One strategy that seems fairly common, is to invest in shorter term investments (flips, high-yielding notes) to build some cash, and then shelter this cash in a longer term investment (either a small rental building, or as part owner of a large residential complex). If you already have some cash resources, I will suggest that as my colleague & fellow apartment owner David Lindahl says, “Go bigger, faster.” The faster you can get involved in a larger complex, you start to take advantage of economies of scale, excellent management, and larger cashflow numbers (“dividend yields,” for those stock people out there).
For those that do not yet qualify or think they’re ready yet for larger complexes, a perfectly good strategy (and exactly what the residential branch of AARE is doing right now in this marketplace) is to invest in homes below replacement cost, for rental income in depressed areas. Will these homes go nuts once the market rebounds? Most likely not… but as a true wealth investor, you are going for cashflow, and never look at appreciation.
Money Magazine recently got wind of what we are doing, and published an article on give-away priced homes in their most recent issue. Set a return you want to get for yourself. My minimum return is 12% in rental income per year (I shoot for 20% in these depressed areas), and this is after ALL expenses.
$6,900 purchase price for a 3-bedroom house
+ $12,000 rehab costs
is $18,900 “cash in” the deal. Usually these homes are not financeable, so you would either have to put in all your own cash, or go in with a couple others. But here’s the return:
Rent goes for around $600 / month in this area. Estimating all expenses (including management, vacancy, maintenance, taxes, insurance, marketing costs) at around 50% of your income, you’ll still be raking in $3600 / year, which comes out to be 19.05% in your annual return.
If you play your cards right, when you purchased the home, you MIGHT take into account FORCED appreciation (sweat equity)… perhaps the house in fixed up condition would actually sell for $30,000. Though we never look at this number when we invest for the long term, it’s nice to know that you may have an extra bonus coming to you when you sell down the line, in 5 or ten years. Or, keep them forever, and continue to collect your 19%… which only takes a little over 5 years to get all your money back. AND… this doesn’t include tax benefits, and a whole slew of other potential income benefits you can reap… GOD I love this business.
You can probably see, it doesn’t take many of these to help your cashflow situation – and perhaps the day you decide to retire, you now can realize your equity in these little ATM machines, by selling or pulling it out in a refinance. Take your dream vacation in 5 years, or when you retire – all tax free, unlike traditional IRA withdrawals.
As I mentioned before, some investors prefer to be hands on, while others don’t want to have anything to do with the real estate side of it. For these individuals, there are plenty of active investors out there – contact me if you’d like to get hooked in with one of them. IRA money CAN invest in real estate, despite what your current advisor tells you.
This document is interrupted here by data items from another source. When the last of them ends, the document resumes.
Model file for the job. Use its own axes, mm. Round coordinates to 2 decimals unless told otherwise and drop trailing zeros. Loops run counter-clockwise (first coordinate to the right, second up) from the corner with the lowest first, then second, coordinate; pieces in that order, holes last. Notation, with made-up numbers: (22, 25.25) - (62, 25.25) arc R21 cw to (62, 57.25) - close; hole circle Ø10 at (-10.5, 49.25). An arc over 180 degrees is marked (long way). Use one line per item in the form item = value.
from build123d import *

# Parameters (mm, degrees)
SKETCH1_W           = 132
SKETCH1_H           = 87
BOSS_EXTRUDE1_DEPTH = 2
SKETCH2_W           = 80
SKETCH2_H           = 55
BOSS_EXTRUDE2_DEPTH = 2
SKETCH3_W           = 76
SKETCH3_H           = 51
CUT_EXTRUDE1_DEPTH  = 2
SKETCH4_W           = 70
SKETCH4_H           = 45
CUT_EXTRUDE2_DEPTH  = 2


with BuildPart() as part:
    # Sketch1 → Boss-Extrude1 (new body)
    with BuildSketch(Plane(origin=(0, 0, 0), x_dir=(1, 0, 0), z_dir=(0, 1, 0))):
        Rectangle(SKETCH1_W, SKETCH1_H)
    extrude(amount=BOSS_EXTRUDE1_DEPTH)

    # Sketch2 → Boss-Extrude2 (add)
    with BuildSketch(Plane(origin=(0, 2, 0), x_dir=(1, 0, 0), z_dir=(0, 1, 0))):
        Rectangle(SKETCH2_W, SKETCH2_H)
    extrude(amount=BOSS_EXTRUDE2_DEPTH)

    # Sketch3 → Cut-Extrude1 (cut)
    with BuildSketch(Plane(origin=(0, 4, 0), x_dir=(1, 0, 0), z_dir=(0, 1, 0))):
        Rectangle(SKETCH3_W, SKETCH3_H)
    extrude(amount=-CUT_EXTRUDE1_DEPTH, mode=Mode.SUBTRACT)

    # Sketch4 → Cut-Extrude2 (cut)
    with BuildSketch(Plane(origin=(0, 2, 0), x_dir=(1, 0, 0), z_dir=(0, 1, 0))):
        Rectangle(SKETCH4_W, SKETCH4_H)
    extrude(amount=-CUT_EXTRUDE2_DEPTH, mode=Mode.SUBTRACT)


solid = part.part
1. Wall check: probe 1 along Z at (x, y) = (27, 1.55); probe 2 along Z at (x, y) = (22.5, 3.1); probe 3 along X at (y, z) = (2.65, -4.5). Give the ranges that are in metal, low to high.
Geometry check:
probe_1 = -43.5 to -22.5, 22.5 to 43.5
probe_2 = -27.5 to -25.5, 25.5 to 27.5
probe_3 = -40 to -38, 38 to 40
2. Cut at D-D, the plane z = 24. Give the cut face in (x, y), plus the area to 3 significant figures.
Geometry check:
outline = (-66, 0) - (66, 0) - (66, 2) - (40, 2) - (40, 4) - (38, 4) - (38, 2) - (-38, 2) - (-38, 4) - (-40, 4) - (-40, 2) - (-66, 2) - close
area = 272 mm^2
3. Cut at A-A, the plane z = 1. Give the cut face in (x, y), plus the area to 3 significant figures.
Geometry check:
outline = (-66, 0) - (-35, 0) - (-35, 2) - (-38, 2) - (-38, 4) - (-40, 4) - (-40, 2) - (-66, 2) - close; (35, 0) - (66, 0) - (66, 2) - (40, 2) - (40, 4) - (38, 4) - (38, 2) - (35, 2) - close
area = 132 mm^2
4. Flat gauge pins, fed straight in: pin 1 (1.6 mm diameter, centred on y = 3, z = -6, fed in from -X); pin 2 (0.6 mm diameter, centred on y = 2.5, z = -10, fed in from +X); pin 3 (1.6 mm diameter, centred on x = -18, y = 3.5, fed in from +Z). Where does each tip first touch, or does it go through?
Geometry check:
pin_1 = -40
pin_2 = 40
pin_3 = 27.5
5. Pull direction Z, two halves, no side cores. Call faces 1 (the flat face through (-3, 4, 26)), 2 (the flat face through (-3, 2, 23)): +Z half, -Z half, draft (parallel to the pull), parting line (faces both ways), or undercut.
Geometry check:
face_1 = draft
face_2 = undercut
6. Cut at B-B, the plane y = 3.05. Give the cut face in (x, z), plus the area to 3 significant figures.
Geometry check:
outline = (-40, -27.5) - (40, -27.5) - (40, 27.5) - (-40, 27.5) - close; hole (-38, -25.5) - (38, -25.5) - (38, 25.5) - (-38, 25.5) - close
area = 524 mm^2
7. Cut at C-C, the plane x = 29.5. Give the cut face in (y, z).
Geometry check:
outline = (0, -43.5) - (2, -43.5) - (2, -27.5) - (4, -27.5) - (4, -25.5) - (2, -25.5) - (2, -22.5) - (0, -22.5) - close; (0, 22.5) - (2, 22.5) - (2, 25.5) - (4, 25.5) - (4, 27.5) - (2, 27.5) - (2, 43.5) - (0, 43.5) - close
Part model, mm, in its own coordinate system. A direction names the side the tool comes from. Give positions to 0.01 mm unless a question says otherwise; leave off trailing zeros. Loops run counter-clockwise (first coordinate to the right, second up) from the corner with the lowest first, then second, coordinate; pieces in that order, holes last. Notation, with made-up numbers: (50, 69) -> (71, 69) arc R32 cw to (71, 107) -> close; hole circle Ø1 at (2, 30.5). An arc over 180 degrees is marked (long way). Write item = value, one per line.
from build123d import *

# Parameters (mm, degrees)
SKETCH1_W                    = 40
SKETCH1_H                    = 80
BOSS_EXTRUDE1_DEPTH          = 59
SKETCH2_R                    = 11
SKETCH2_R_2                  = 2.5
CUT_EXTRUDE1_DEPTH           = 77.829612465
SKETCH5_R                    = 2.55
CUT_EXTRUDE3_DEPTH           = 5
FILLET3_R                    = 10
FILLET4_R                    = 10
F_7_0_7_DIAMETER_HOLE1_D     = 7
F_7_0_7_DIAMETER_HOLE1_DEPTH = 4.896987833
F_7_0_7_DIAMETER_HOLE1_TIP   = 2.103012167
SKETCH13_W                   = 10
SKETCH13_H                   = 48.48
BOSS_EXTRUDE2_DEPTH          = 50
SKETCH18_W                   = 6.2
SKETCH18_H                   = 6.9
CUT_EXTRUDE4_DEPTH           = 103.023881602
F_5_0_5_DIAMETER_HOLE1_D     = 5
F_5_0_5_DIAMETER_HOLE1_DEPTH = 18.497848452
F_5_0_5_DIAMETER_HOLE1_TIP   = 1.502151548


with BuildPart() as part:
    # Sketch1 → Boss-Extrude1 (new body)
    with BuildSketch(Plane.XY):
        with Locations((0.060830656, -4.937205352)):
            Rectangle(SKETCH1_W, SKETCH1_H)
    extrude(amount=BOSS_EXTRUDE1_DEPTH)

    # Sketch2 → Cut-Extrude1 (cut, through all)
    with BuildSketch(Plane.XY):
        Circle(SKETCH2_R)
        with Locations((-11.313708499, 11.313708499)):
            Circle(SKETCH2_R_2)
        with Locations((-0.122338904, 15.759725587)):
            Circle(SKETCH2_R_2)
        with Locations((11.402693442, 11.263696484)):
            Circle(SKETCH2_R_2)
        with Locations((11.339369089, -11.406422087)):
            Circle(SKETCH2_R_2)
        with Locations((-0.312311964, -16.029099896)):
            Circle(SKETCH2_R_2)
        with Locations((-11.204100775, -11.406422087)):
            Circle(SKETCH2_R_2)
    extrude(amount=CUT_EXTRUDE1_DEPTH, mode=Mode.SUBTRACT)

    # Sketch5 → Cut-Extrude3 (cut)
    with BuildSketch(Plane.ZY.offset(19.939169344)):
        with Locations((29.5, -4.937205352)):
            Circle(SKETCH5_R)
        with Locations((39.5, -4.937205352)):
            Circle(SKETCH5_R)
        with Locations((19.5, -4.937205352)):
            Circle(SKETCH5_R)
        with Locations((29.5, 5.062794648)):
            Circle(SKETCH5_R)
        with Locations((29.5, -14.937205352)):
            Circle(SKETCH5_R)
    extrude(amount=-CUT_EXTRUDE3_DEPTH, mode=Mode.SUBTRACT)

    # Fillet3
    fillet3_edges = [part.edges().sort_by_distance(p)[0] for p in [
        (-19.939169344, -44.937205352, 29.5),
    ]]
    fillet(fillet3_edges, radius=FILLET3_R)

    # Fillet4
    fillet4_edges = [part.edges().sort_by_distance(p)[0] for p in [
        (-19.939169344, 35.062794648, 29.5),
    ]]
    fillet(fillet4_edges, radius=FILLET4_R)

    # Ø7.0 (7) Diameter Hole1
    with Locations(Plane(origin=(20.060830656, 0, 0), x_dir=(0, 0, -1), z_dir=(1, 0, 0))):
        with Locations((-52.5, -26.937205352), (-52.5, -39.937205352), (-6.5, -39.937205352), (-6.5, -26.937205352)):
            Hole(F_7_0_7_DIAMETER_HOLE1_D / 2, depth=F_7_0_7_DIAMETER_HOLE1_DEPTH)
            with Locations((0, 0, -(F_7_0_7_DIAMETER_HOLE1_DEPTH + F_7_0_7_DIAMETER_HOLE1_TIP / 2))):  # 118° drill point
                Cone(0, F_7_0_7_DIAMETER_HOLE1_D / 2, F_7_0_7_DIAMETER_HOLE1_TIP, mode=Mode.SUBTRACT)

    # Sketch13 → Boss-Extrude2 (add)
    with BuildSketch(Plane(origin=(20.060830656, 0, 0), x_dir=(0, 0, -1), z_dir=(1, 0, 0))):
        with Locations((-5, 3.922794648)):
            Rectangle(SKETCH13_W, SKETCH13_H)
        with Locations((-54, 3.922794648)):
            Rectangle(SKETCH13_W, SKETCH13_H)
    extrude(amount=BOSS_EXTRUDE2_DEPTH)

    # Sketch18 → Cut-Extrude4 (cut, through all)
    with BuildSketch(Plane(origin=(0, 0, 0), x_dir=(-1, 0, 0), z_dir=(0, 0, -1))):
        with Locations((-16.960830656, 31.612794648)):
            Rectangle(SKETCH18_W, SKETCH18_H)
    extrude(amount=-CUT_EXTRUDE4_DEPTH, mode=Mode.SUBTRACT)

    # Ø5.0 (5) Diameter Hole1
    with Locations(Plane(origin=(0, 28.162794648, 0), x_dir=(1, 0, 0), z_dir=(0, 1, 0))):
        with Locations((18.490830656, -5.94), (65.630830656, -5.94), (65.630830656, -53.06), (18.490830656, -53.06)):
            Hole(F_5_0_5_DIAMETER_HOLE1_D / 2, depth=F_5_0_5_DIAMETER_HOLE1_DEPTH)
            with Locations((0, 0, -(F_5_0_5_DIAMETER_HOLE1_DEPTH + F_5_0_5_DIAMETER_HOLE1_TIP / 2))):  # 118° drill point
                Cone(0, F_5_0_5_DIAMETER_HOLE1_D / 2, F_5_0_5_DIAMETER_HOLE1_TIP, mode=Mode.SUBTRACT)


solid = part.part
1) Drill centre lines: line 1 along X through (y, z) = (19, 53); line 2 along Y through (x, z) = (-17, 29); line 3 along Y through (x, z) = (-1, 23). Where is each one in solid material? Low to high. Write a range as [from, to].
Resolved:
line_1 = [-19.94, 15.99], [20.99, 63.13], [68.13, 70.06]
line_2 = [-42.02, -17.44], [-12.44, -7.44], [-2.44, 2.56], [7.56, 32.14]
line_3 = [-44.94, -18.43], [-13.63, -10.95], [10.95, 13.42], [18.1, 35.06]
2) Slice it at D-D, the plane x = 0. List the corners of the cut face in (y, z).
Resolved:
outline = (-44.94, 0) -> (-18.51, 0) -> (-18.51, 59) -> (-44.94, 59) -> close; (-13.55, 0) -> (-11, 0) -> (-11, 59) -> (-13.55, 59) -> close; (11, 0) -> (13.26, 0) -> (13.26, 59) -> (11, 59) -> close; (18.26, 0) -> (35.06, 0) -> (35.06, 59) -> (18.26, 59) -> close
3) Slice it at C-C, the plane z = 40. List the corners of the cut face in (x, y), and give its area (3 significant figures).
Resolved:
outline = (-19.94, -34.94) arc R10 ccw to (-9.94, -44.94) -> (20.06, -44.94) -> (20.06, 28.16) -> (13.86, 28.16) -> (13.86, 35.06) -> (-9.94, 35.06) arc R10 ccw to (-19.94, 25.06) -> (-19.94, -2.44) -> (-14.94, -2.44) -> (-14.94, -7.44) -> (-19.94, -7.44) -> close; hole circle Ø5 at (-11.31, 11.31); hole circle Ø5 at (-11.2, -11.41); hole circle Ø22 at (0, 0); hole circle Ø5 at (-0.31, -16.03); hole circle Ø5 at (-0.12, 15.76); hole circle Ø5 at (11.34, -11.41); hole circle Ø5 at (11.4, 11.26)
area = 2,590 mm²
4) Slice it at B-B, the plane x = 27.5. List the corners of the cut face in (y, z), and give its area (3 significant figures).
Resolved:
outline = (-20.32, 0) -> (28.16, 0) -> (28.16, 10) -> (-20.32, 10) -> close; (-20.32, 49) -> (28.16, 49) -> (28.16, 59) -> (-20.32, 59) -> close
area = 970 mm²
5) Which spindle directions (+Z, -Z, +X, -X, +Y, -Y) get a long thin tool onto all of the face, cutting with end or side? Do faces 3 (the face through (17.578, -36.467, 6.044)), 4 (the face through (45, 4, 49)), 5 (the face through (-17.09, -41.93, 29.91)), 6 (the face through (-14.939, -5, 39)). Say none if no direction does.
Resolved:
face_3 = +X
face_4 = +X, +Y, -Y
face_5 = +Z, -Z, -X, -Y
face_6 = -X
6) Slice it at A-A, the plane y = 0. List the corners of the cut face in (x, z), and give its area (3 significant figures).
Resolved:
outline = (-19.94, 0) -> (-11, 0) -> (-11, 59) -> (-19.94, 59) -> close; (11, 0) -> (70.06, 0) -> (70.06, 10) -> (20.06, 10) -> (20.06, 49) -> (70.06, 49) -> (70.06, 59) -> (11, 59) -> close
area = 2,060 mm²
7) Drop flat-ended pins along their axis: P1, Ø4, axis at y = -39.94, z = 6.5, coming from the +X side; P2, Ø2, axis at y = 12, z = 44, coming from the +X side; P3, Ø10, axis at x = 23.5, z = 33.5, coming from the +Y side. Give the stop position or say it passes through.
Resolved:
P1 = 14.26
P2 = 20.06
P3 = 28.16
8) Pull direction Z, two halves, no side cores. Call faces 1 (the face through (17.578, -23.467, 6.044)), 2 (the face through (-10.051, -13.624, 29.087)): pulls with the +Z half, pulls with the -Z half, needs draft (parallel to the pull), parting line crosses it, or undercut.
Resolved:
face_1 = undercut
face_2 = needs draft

We are happy to help guide you through the process, or answer your questions on this if you prefer…
The moral of the story
It IS possible to invest smart in a down market, an up market, a sideways market, whatever – just make sure you keep the right thing in mind as you invest in whatever you choose:INCOME. Investing for anything else is considered speculation, and just as risky as the Guessing Game–I mean, Stock Market.